++++ EXTRACTED ENTRIES ++++

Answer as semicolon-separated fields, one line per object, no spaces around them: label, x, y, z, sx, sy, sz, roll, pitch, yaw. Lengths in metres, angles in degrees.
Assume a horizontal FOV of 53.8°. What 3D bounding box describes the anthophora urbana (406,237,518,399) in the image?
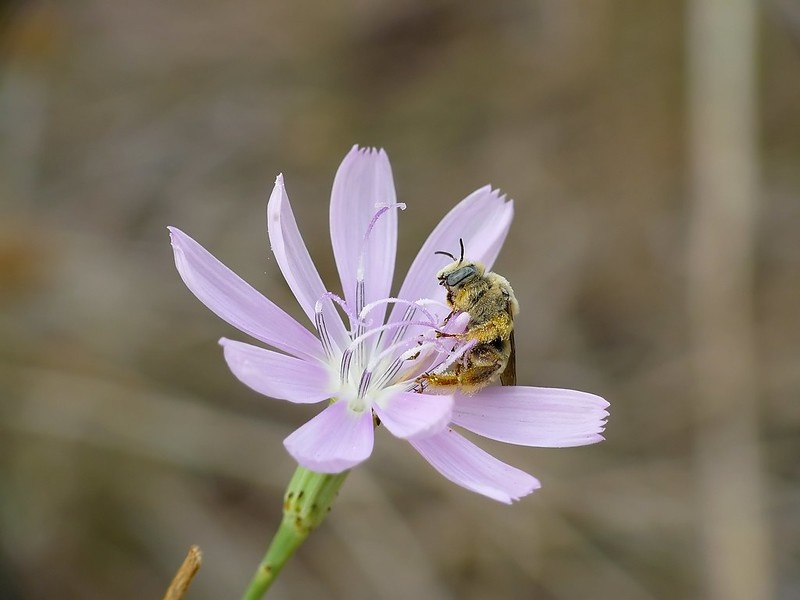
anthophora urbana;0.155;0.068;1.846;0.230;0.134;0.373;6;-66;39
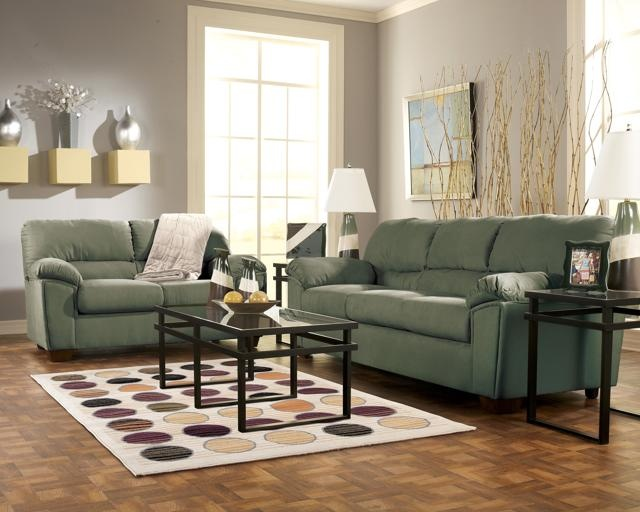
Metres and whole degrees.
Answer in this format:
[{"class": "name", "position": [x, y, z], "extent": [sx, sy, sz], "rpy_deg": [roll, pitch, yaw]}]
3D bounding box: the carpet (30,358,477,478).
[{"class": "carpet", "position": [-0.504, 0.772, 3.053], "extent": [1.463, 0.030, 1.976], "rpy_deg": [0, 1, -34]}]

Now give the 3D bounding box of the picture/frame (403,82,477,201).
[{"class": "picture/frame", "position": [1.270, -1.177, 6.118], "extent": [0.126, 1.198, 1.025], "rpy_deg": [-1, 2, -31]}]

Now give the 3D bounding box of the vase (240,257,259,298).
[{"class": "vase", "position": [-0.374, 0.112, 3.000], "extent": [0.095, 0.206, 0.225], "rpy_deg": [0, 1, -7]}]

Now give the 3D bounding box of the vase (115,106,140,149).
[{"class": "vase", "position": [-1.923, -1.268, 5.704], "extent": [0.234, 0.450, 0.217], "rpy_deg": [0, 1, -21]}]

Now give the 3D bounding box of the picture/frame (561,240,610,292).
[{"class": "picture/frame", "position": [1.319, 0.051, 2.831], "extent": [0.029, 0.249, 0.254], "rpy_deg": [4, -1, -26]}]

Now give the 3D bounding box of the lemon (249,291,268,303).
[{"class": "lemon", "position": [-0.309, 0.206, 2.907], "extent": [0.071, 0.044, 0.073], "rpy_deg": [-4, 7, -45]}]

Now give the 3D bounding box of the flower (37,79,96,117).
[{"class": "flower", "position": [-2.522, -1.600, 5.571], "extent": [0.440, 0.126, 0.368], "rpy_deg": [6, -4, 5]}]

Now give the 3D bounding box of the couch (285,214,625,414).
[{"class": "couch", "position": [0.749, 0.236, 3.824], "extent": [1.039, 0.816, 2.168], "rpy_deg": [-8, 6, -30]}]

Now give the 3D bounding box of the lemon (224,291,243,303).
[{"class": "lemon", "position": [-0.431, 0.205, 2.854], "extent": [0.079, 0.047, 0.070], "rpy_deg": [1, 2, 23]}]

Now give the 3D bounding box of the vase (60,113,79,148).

++++

→ **PROBLEM REQUIREMENTS**
Search the records above for the string "pitch". Copy every line that contains it.

→ **EXERCISE SOLUTION**
Answer as semicolon-separated fields, one line per object, no spaces around them: label, x, y, z, sx, sy, sz, roll, pitch, yaw. Lengths in metres, angles in degrees.
[{"class": "name", "position": [x, y, z], "extent": [sx, sy, sz], "rpy_deg": [roll, pitch, yaw]}]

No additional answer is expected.